April 15, 2004

They have created a new world order

So says Whitney Pastorek in an article in the Village Voice. She feels that "while a lot has been made of the cultural implications of the Blogosphere, I am not convinced that anyone has taken the time to talk openly and honestly about the effects it is having on the day-to-day existence of the world's adult non-bloggers, or what I like to call The Way Blogs Are Ruining My Life."

She lists the problems under five headings:

1. No one shows up for anything anymore.
2. No one tells me anything anymore.
2a. No one has fights anymore.
3. No one invites me to anything anymore.
4. They have created a new world order.
5. Did I mention that blogs are ruining my life?

Read the whole thing. It reminds me a bit of how my mother used to complain -- twenty years before email became popular -- that because of cheap phone calls, no one wrote letters anymore. Though my mother never ended her complaints in such a dramatic way:

Listen. My name is Whitney Pastorek, and I do not have a blog. I am not on Friendster, I do not live in Williamsburg, and I do not think Death Cab for Cutie is a particularly great band.

But I exist. I am a good person, a good friend, and my thoughts and opinions have weight and merit. The bloggers do not control me -- they only control each other and massive amounts of bandwidth, which isn't even a real thing, just something made up by web-hosting companies to charge more! People! If you find yourself on the lower levels of the B.C.S., join with me in saying NO! NO to letting them diminish our self-worth! NO to letting them drag us out to flash mobs! Turn your faces to the sun! Stand and fight!

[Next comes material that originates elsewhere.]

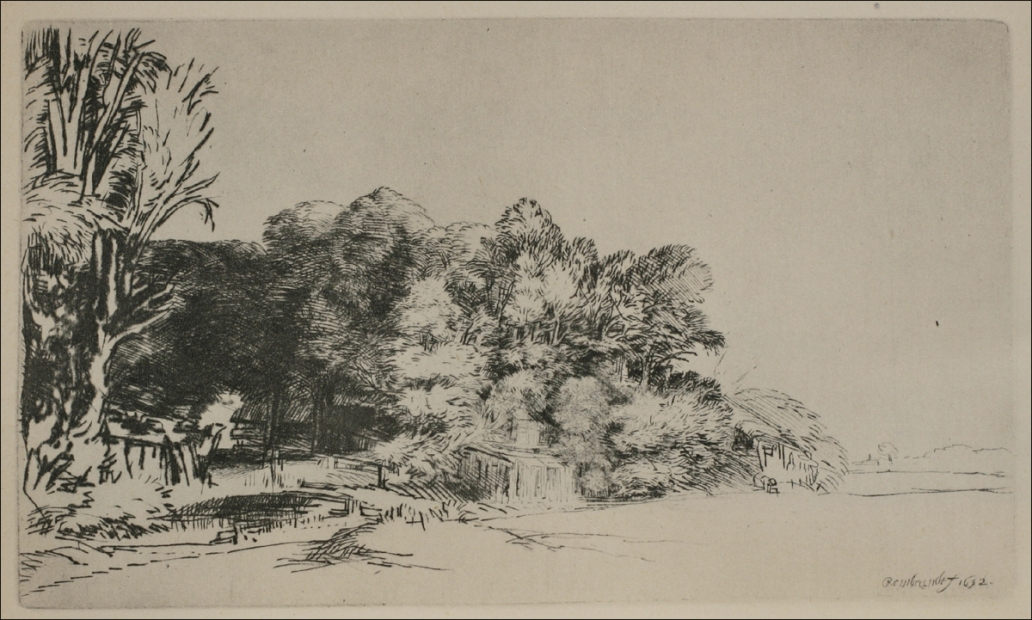What might be the significance of the path and fence in this landscape? The path and fence serve both aesthetic and thematic roles. Aesthetically, the path creates a leading line, drawing the viewer's eye into the depth of the image and encouraging exploration. Thematically, the path can represent a journey or the passage of time, while the fence might symbolize boundaries or the interface between the cultivated and wild aspects of nature. Together, they can suggest a narrative of travel or transition, inviting contemplation about where the path leads and the experiences one might encounter along the way.

My mother, while complaining about the Demise of the Letter, nevertheless participated in the new long-distance telephone culture of the 1960's. She was reluctant at first -- through the 1950s, not only were long-distance calls prohibitively expensive, but we also had a party line, so that tying up the phone even for local calls was avoided as anti-social. But before long she was the center of an active network of telephone-mediated communication. Likewise, I'm inclined to feel that Ms. Pastorek, who seems overly sensitive to status indicators, should Get Over It and start to participate in the culture that she feels excluded from. There are no barriers, last I looked -- anybody can go to typepad or wherever and start a blog, if they want to.

But the fact that I feel obscurely bad about not having noticed Pastorek's article for a full six weeks is troubling, I'll admit, even though I've long since made my peace with the fact that the world is full of loops that I'm out of.